Data entries
:::::

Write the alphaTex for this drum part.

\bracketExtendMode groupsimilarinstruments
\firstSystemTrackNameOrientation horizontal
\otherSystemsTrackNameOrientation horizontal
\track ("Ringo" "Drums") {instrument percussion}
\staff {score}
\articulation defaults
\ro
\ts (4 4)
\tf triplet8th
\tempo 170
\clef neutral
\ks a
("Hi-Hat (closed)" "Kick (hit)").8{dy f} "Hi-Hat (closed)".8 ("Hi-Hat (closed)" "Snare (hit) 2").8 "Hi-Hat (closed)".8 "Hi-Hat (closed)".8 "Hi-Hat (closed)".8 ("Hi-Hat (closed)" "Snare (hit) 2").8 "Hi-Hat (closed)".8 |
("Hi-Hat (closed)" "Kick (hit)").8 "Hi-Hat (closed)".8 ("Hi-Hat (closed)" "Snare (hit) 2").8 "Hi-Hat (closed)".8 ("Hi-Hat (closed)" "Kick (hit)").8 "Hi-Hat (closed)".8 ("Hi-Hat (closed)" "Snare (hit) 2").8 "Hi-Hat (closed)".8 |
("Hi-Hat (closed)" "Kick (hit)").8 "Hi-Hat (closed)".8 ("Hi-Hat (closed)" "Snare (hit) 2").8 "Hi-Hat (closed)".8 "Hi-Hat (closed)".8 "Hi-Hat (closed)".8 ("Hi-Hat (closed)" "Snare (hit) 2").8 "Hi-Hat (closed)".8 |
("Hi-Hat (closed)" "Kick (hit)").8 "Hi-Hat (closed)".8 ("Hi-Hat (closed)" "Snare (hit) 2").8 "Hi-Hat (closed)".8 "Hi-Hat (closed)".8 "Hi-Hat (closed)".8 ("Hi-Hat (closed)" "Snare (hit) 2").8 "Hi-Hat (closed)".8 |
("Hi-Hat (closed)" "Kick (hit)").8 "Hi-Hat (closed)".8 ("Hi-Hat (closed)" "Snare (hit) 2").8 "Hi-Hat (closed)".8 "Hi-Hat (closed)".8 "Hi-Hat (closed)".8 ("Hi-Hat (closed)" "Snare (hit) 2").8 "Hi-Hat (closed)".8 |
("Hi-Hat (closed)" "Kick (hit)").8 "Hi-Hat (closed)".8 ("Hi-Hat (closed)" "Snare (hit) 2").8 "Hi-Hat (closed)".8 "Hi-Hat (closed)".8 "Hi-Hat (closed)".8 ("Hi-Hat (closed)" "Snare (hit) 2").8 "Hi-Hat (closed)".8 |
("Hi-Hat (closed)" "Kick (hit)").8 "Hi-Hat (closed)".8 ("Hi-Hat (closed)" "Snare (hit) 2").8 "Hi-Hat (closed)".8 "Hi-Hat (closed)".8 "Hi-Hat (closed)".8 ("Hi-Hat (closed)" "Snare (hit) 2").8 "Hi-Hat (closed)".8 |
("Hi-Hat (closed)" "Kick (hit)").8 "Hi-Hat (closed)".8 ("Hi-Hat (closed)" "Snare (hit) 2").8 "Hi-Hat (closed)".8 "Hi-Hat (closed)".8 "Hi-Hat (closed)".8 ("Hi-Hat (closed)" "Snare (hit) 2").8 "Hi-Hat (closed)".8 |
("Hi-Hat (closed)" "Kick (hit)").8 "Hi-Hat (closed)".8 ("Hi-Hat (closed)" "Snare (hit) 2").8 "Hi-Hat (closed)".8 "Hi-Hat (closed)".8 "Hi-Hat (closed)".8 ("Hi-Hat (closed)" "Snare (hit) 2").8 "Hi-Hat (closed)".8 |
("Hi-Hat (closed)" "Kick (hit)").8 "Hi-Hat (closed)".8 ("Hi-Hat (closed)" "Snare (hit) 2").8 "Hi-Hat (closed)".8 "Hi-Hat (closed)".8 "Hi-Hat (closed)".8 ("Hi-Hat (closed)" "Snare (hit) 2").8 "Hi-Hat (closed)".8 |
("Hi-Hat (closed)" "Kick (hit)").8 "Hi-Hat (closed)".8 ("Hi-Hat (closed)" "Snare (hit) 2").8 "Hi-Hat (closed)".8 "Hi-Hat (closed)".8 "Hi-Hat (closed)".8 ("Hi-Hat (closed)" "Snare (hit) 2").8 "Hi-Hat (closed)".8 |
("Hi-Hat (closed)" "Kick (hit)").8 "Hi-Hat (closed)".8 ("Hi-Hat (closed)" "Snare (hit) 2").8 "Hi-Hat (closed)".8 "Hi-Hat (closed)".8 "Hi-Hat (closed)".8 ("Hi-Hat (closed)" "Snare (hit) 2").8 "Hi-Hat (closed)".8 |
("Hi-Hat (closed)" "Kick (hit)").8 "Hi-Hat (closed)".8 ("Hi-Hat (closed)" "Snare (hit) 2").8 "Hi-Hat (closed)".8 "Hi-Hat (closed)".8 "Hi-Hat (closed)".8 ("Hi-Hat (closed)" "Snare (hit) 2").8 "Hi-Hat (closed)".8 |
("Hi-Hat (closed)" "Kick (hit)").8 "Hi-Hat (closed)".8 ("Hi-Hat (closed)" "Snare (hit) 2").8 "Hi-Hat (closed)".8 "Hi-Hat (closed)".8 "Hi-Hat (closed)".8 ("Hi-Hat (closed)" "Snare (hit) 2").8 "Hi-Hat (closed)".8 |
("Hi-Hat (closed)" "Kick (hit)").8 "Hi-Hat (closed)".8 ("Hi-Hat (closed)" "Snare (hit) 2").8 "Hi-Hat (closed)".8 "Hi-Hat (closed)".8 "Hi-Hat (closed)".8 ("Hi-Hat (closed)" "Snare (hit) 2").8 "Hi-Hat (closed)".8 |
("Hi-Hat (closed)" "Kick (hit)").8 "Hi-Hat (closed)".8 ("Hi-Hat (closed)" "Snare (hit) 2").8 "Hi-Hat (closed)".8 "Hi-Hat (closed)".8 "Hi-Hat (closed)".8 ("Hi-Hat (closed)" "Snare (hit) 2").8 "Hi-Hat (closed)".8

:::::

## WHAT YOU WILL DO
From the data above, pick out each line containing "horizontal" and copy it.

## RESULT OF THIS TASK
\firstSystemTrackNameOrientation horizontal
\otherSystemsTrackNameOrientation horizontal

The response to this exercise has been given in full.